Department of Cellular Biology and Molecular Medicine, Rutgers University-New Jersey Medical School, Newark, NJ, 07103, USA.
Center for Translational Medicine, Temple University, Philadelphia, PA, 19140, USA.
Mol Metab. 2021 Nov;53:101249. doi: 10.1016/j.molmet.2021.101249. Epub 2021 May 11.
We previously reported that β-oxidation enzymes are present in the nucleus in close proximity to transcriptionally active promoters. Thus, we hypothesized that the fatty acid intermediate, butyryl-CoA, is the substrate for histone butyrylation and its abundance is regulated by acyl-CoA dehydrogenase short chain (ACADS). The objective of this study was to determine the genomic distribution of H3K9-butyryl (H3K9Bu) and its regulation by dietary fat, stress, and ACADS and its impact on gene expression.

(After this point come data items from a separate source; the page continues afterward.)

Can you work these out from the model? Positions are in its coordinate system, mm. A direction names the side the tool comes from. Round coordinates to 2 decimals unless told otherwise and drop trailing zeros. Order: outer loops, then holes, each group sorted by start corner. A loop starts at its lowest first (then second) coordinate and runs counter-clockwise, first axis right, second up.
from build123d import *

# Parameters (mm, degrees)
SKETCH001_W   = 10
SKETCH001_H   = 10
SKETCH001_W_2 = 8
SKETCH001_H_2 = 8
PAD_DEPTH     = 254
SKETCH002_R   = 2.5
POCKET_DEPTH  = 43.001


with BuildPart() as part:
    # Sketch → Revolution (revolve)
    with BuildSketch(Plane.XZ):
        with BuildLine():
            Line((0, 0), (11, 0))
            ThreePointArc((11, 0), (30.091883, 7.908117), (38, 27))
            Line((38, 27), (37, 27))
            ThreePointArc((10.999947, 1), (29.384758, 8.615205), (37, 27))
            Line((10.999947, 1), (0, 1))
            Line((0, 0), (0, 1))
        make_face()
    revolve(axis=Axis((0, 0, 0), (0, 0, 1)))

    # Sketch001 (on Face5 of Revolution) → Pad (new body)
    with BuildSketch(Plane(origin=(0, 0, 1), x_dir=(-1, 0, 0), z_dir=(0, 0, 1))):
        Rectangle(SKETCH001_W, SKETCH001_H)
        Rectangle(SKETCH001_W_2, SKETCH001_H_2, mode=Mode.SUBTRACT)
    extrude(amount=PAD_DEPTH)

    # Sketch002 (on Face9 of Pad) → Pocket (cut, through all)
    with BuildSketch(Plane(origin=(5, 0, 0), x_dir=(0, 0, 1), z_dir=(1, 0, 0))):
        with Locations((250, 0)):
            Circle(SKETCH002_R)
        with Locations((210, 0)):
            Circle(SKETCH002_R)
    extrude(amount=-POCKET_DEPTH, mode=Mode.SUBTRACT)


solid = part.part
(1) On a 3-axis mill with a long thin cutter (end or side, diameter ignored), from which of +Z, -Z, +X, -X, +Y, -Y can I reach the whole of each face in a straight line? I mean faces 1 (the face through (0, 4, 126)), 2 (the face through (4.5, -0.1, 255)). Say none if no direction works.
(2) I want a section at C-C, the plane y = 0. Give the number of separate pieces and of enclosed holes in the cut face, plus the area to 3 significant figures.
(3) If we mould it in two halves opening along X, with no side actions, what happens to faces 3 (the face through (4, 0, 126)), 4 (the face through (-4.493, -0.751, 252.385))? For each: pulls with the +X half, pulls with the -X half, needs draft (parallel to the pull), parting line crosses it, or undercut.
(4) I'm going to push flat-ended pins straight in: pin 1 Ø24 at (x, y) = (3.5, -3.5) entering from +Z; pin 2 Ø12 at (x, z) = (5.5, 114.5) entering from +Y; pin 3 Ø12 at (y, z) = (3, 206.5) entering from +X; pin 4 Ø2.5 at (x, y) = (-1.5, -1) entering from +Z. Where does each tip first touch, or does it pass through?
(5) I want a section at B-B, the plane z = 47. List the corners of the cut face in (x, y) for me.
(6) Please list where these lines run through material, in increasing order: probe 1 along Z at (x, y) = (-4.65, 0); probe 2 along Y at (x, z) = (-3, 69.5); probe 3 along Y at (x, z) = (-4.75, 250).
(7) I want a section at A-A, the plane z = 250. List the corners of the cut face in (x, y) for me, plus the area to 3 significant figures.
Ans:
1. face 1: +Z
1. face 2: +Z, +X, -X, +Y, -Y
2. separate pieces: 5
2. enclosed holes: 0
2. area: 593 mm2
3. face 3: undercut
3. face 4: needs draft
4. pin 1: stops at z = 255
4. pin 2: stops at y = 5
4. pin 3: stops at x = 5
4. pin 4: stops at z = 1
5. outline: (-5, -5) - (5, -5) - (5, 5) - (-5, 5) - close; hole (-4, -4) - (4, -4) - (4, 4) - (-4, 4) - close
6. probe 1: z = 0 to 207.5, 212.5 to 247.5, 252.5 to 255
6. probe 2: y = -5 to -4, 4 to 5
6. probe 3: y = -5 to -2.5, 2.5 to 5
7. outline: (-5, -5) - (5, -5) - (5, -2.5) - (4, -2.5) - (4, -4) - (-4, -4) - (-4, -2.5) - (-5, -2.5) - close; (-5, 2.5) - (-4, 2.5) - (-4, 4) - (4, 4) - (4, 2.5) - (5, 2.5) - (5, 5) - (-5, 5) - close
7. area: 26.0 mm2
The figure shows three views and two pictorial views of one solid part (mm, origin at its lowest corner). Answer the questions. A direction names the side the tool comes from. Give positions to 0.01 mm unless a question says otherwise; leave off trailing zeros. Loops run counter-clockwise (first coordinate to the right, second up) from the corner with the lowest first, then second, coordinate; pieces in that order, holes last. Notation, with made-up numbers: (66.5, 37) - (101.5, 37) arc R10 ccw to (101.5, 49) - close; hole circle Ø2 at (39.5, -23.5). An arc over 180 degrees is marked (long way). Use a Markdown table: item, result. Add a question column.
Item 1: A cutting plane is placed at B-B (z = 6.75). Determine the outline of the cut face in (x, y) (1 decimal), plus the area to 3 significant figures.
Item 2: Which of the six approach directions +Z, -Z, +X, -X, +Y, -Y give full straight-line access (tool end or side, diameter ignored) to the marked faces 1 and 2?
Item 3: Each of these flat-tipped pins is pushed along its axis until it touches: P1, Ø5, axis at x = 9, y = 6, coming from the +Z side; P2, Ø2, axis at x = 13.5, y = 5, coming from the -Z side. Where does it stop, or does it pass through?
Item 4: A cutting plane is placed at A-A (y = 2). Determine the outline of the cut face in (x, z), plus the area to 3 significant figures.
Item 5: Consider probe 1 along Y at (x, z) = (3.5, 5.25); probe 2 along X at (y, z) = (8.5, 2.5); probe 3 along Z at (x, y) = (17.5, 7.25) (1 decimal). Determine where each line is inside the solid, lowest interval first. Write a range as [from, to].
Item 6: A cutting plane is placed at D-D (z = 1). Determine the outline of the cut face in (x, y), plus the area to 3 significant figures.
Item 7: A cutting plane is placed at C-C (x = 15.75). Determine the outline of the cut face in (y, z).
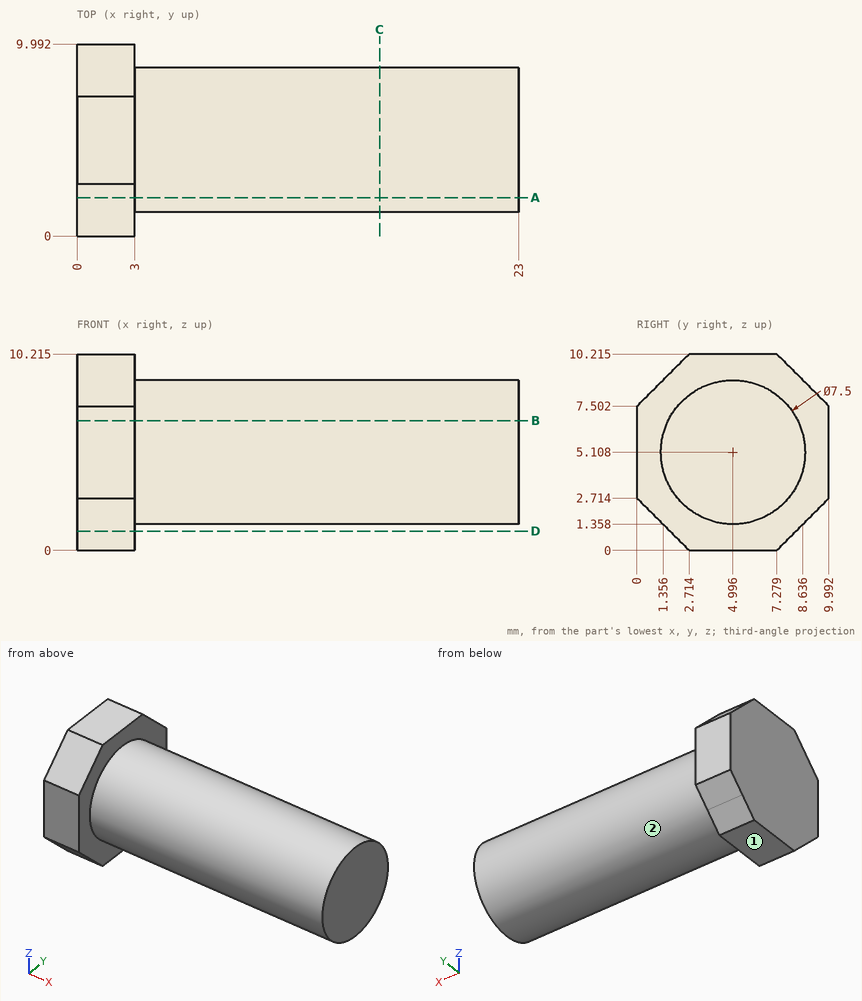
Geometry says:
| question | item | result |
|---|---|---|
| 1 | outline | (0, 0) - (3, 0) - (3, 1.6) - (23, 1.6) - (23, 8.4) - (3, 8.4) - (3, 10) - (0, 10) - close |
| 1 | area | 165 mm² |
| 2 | face 1 | -Z, +X, -X, +Y, -Y |
| 2 | face 2 | +X |
| 3 | P1 | z = 8.86 |
| 3 | P2 | z = 1.36 |
| 4 | outline | (0, 0.71) - (3, 0.71) - (3, 2.85) - (23, 2.85) - (23, 7.36) - (3, 7.36) - (3, 9.5) - (0, 9.5) - close |
| 4 | area | 117 mm² |
| 5 | probe 1 | [1.25, 8.74] |
| 5 | probe 2 | [0, 3] |
| 5 | probe 3 | [2.1, 8.1] |
| 6 | outline | (0, 1.71) - (3, 1.71) - (3, 8.28) - (0, 8.28) - close |
| 6 | area | 19.7 mm² |
| 7 | outline | circle Ø7.5 at (5, 5.11) |

Using genome-wide chromatin immunoprecipitation-sequencing (ChIP-Seq), we show that H3K9Bu is abundant at all transcriptionally active promoters, where, paradoxically, it is most enriched in mice fed a fat-free vs high-fat diet. Deletion of fatty acid synthetase (FASN) abolished H3K9Bu in cells maintained in a glucose-rich but not fatty acid-rich medium, signifying that fatty acid synthesis from carbohydrates substitutes for dietary fat as a source of butyryl-CoA. A high-fat diet induced an increase in ACADS expression that accompanied the decrease in H3K9Bu. Conversely, the deletion of ACADS increased H3K9Bu in human cells and mouse hearts and reversed high-fat- and stress-induced reduction in promoter-H3K9Bu, whose abundance coincided with diminished stress-regulated gene expression as revealed by RNA sequencing. In contrast, H3K9-acetyl (H3K9Ac) abundance was minimally impacted by diet.
Promoter H3K9 butyrylation is a major histone modification that is negatively regulated by high fat and stress in an ACADS-dependent fashion and moderates stress-regulated gene expression.
我们之前曾报道过,β-氧化酶存在于细胞核中,靠近转录活跃的启动子。因此,我们假设脂肪酸中间产物丁酰辅酶 A 是组蛋白丁酰化的底物,其丰度受酰基辅酶 A 脱氢酶短链(ACADS)调节。本研究的目的是确定 H3K9-丁酰基(H3K9Bu)的基因组分布及其受膳食脂肪、应激和 ACADS 的调节及其对基因表达的影响。
通过全基因组染色质免疫沉淀测序(ChIP-Seq),我们发现 H3K9Bu 在所有转录活跃的启动子上都很丰富,而在高脂肪饮食喂养的小鼠中,它在这些启动子上的丰度最高,这是矛盾的。脂肪酸合酶(FASN)的缺失消除了在富含葡萄糖而不是富含脂肪酸的培养基中培养的细胞中的 H3K9Bu,这表明从碳水化合物合成脂肪酸可以替代膳食脂肪作为丁酰辅酶 A 的来源。高脂肪饮食诱导 ACADS 表达增加,同时 H3K9Bu 减少。相反,ACADS 的缺失增加了人细胞和小鼠心脏中的 H3K9Bu,并逆转了高脂肪和应激诱导的启动子 H3K9Bu 减少,其丰度与 RNA 测序显示的应激调节基因表达减少一致。相比之下,H3K9-乙酰基(H3K9Ac)的丰度受饮食影响最小。
启动子 H3K9 丁酰化是一种主要的组蛋白修饰,受 ACADS 依赖的高脂肪和应激的负调节,并调节应激调节基因的表达。